-- Task item --
Your answer should consist of the lines in the data below that contain "pitch".

-- Extracted data --
++++++++++++++++++++

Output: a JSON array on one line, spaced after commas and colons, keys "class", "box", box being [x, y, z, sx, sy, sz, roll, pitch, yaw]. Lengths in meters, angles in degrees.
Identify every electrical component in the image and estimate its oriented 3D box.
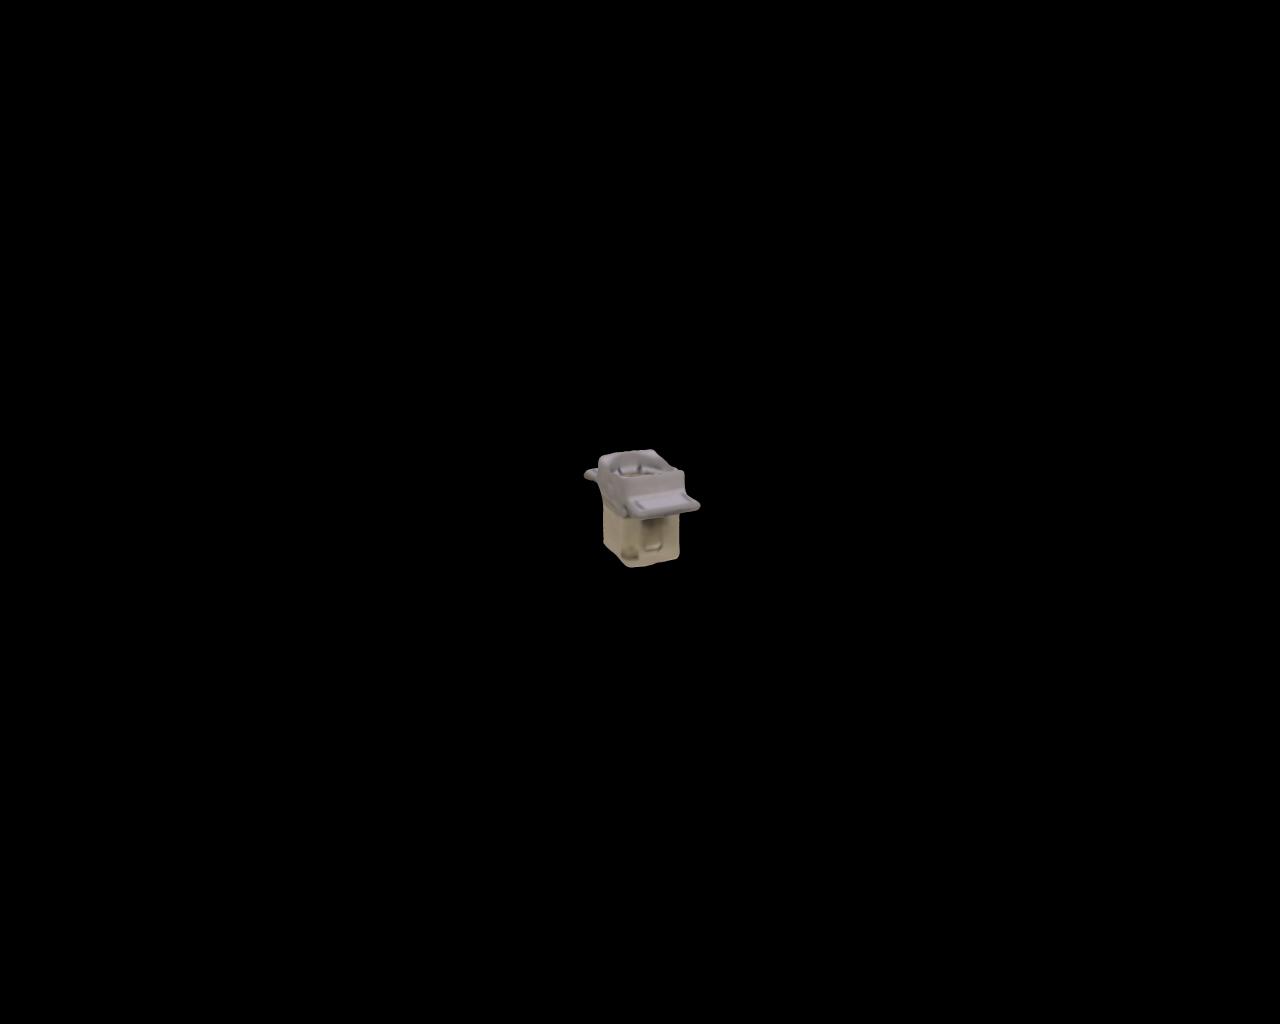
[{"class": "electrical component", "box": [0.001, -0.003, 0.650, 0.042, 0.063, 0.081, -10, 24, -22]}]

++++++++++++++++++++

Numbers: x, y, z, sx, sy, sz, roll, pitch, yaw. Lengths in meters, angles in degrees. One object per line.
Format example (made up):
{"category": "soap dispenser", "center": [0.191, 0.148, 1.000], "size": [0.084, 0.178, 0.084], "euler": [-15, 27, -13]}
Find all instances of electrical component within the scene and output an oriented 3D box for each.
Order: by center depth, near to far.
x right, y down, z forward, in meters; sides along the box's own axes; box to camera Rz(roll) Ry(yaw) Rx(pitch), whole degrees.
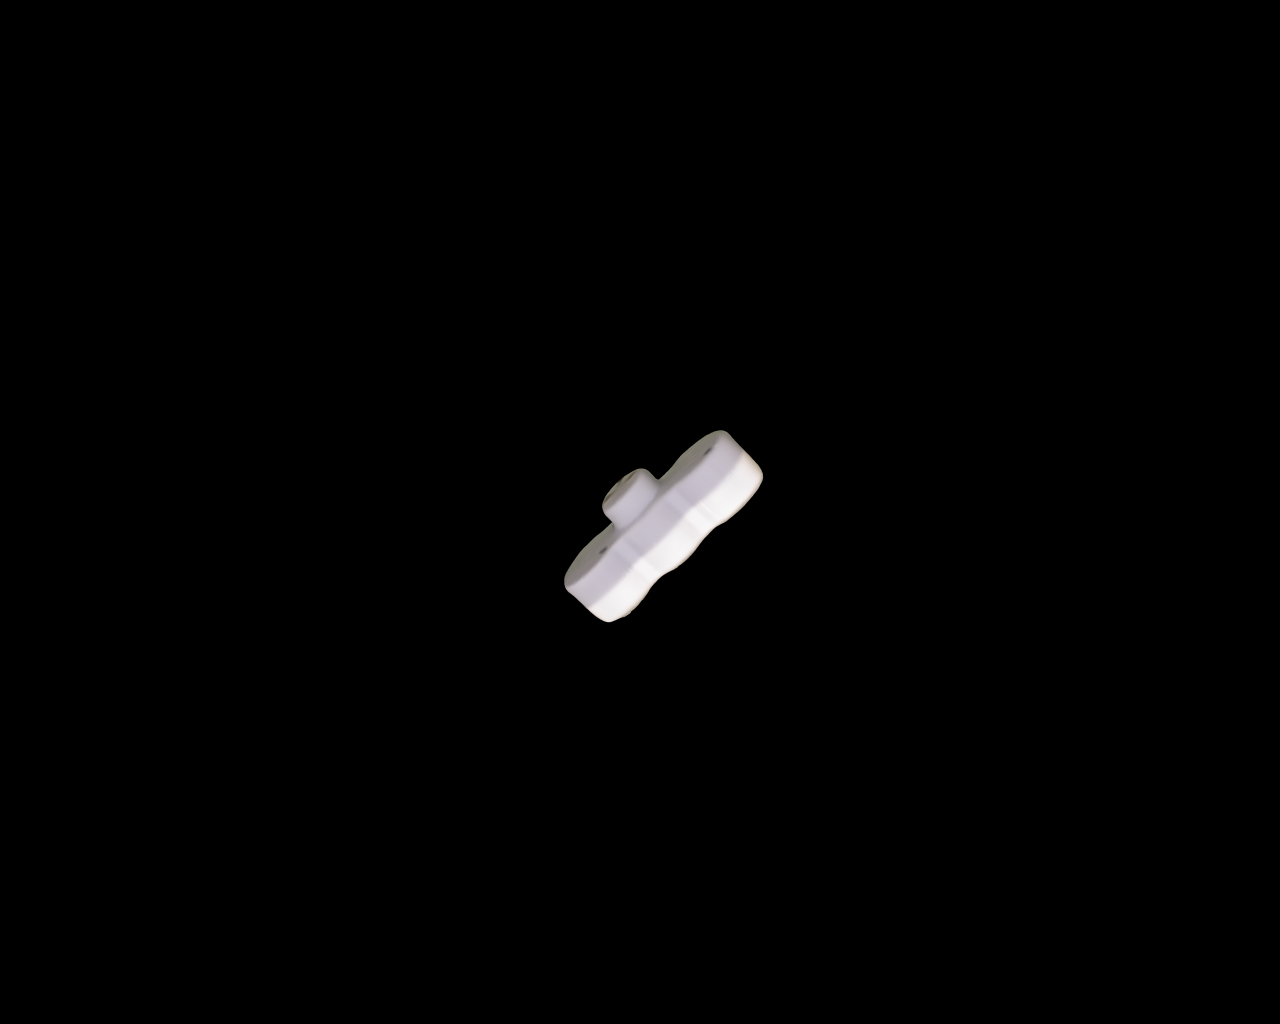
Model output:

++++++++++++++++++++

-- Output of the task --
Output: a JSON array on one line, spaced after commas and colons, keys "class", "box", box being [x, y, z, sx, sy, sz, roll, pitch, yaw]. Lengths in meters, angles in degrees.
Numbers: x, y, z, sx, sy, sz, roll, pitch, yaw. Lengths in meters, angles in degrees. One object per line.
x right, y down, z forward, in meters; sides along the box's own axes; box to camera Rz(roll) Ry(yaw) Rx(pitch), whole degrees.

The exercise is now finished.